Running Custom Models

You can deploy your own fine-tuned models to Replicate using Cog, their open-source model packaging tool.

1
pip install cog

Create a cog.yaml and predict.py in your model directory:

 1
 2
 3
 4
 5
 6
 7
 8
 9
10
11
12
13
14
15
16
17
18
19
20
21
22
23
24
25
26
# predict.py
from cog import BasePredictor, Input
from transformers import AutoModelForCausalLM, AutoTokenizer
import torch

class Predictor(BasePredictor):
    def setup(self):
        """Load the model into memory."""
        self.tokenizer = AutoTokenizer.from_pretrained("./my-finetuned-model")
        self.model = AutoModelForCausalLM.from_pretrained(
            "./my-finetuned-model", torch_dtype=torch.float16, device_map="auto"
        )

    def predict(
        self,
        prompt: str = Input(description="Input prompt"),
        max_tokens: int = Input(description="Max tokens to generate", default=256),
        temperature: float = Input(description="Sampling temperature", default=0.7),
    ) -> str:
        inputs = self.tokenizer(prompt, return_tensors="pt").to("cuda")
        with torch.no_grad():
            outputs = self.model.generate(
                **inputs, max_new_tokens=max_tokens, temperature=temperature,
                do_sample=temperature > 0,
            )
        return self.tokenizer.decode(outputs[0], skip_special_tokens=True)

Push it to Replicate:

1
2
cog login
cog push r8.im/your-username/your-model

Your model now runs on Replicate’s infrastructure with the same API as every other model. It auto-scales, handles cold starts, and you only pay when it’s running.

Cost Optimization

Replicate charges per second of compute time. Here’s how to minimize costs:

Use the smallest model that works. Llama 3.1 8B costs roughly 1/10th of the 70B version per token. Test with the small model first.

Set max_tokens accurately. Don’t set 4096 when you need 256. The meter runs until generation stops.

Cache responses. If multiple users ask similar questions, cache the results. A Redis cache in front of the API can cut costs by 30-50% for common queries.

Use cold boot aware routing. Replicate models go cold after 60 seconds of inactivity. The first request after a cold period takes 5-30 seconds to boot. Keep a warm instance by sending periodic heartbeat requests during active hours.

Common Errors and Fixes

ReplicateError: You have reached your spending limit

Set a spending limit in your Replicate dashboard. If you hit it, either increase the limit or optimize your usage. There’s no way to bypass this via the API.

Prediction times out

Default timeout is 60 seconds for replicate.run(). For long-running models, use async predictions instead. Or increase the timeout:

1
2
3
4
5
import replicate
output = replicate.run(
    "model/name",
    input={...},
)

ModelError: Model not found

Model identifiers include the version hash. If the model was updated, the old version may be gone. Use the model name without the hash to get the latest version, or pin a specific version in production.

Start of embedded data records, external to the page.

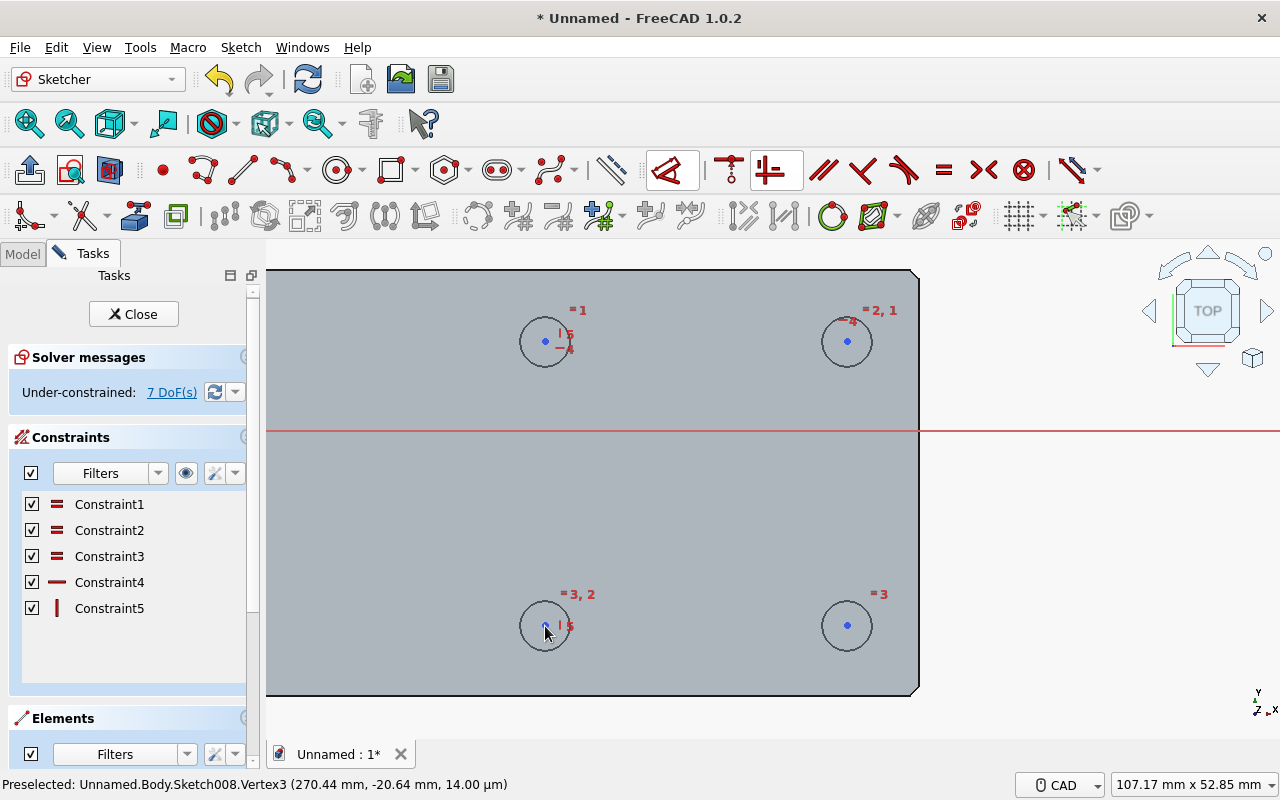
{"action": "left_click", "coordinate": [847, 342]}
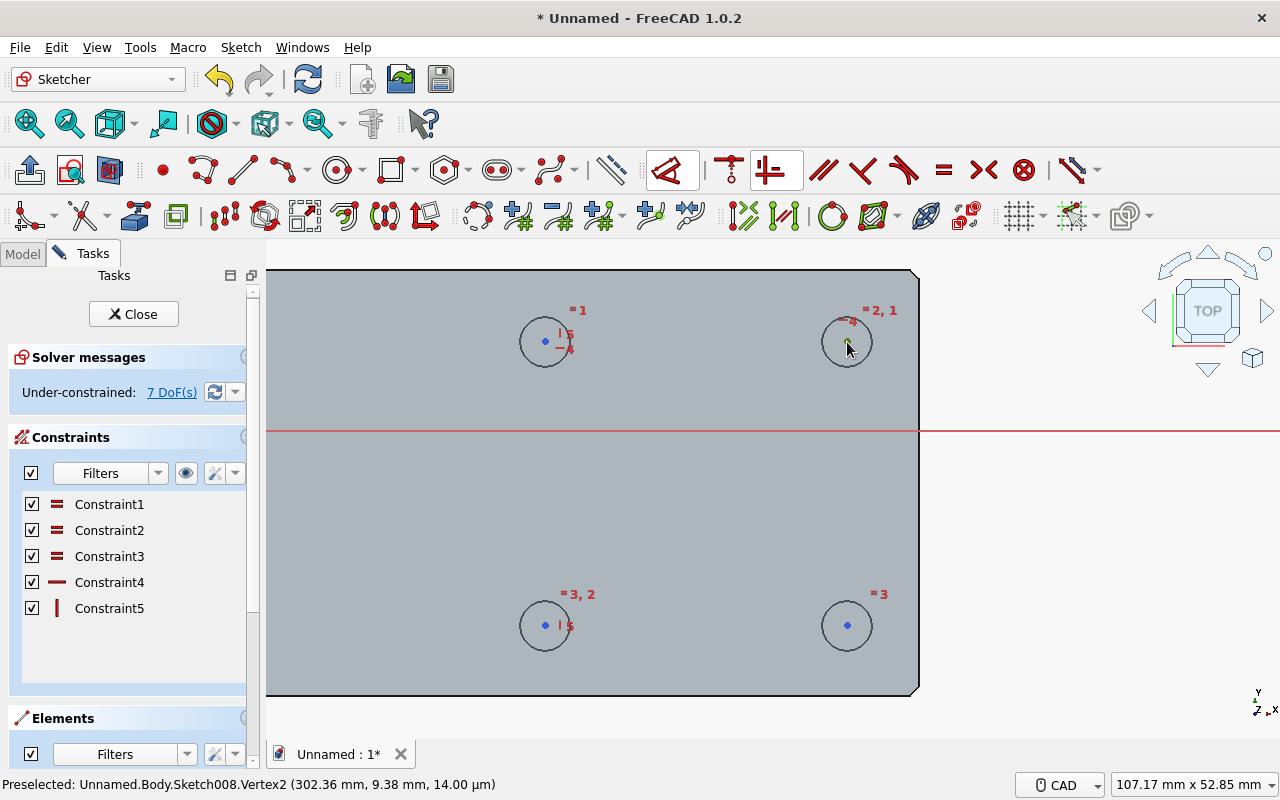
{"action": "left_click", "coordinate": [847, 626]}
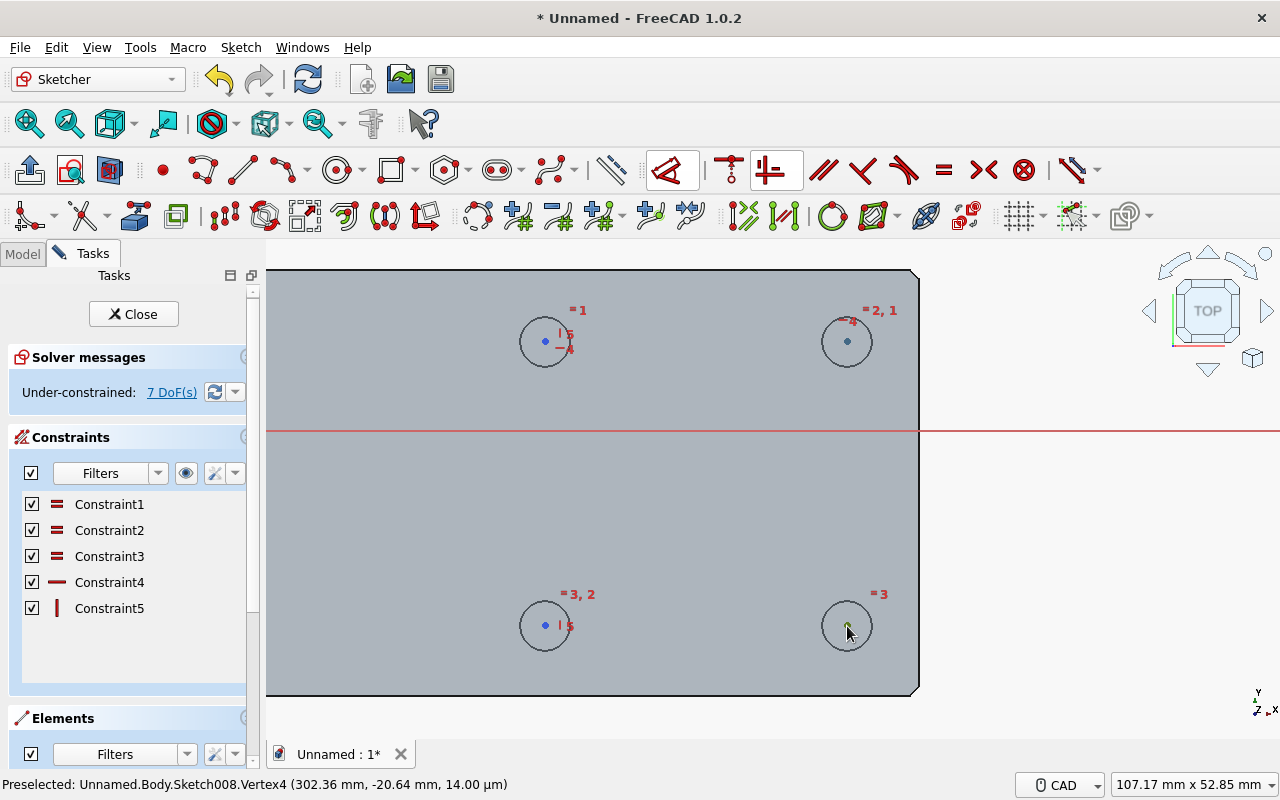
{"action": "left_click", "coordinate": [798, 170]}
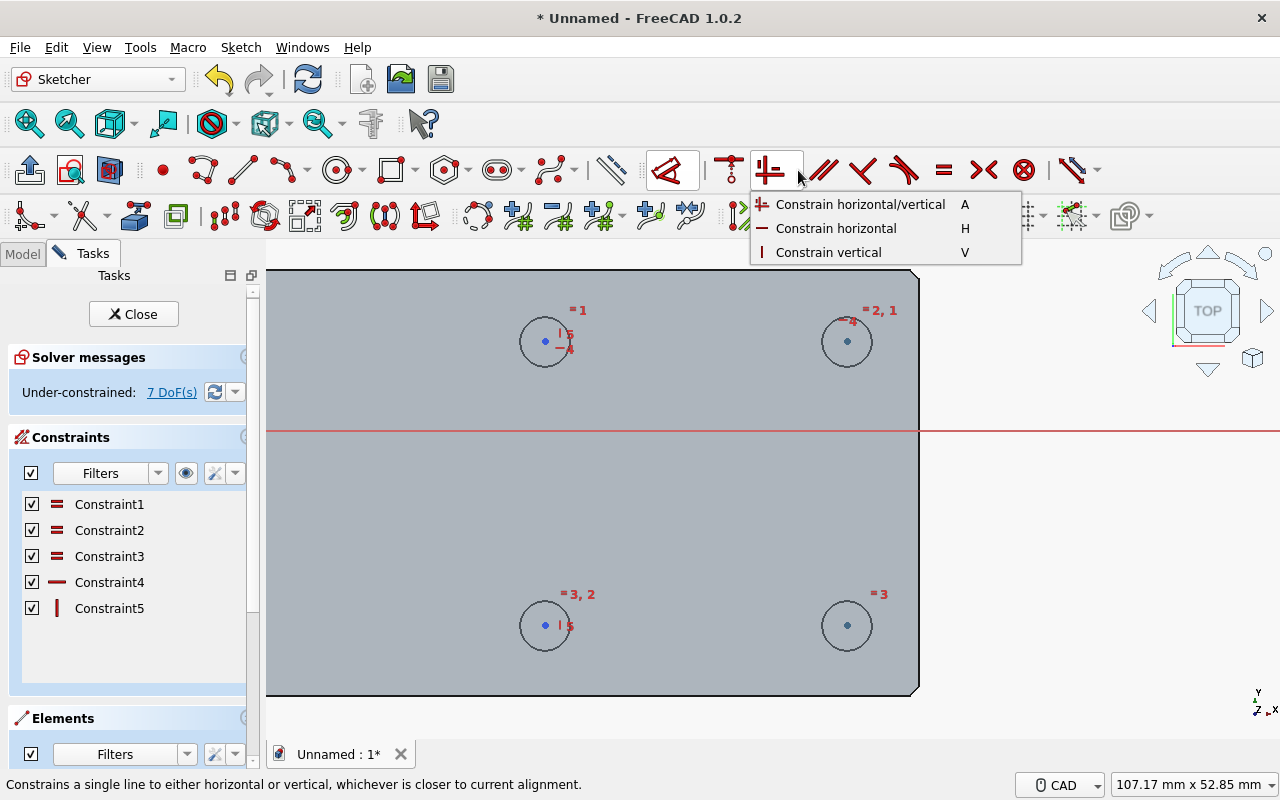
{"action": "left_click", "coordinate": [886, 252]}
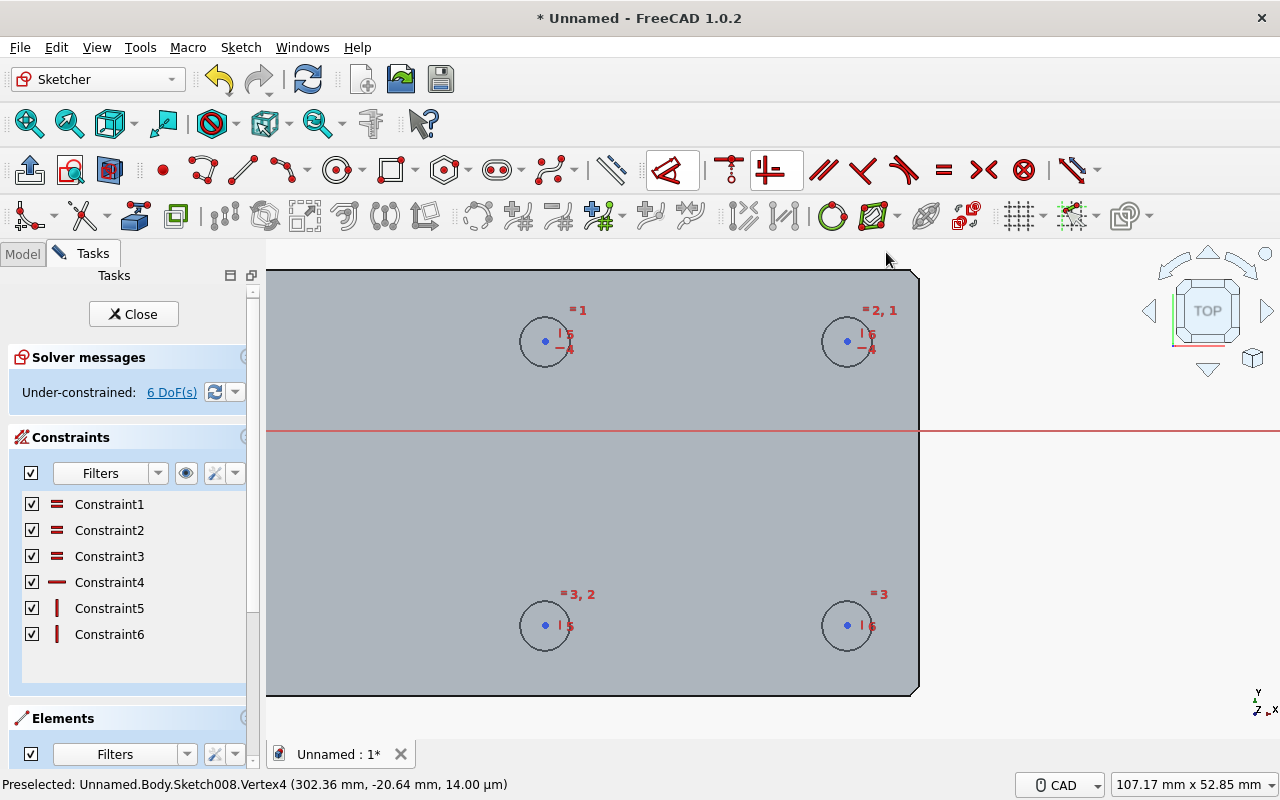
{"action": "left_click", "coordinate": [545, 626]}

Cold start latency is too high

For production workloads, keep the model warm with a periodic ping. A cron job that runs every 30 seconds with a minimal prompt keeps the container alive and eliminates cold starts.

Replicate vs. Self-Hosting

Use Replicate when: you’re prototyping, traffic is unpredictable, you don’t want to manage GPUs, or you need access to many different models without deploying each one.

Self-host when: you have consistent high traffic (cheaper at scale), need sub-100ms latency, have data privacy requirements that prevent sending data to third parties, or need custom model modifications that Cog doesn’t support.

The breakeven point is roughly 4-6 hours of continuous GPU usage per day. Below that, Replicate is cheaper. Above that, a reserved cloud GPU wins on cost.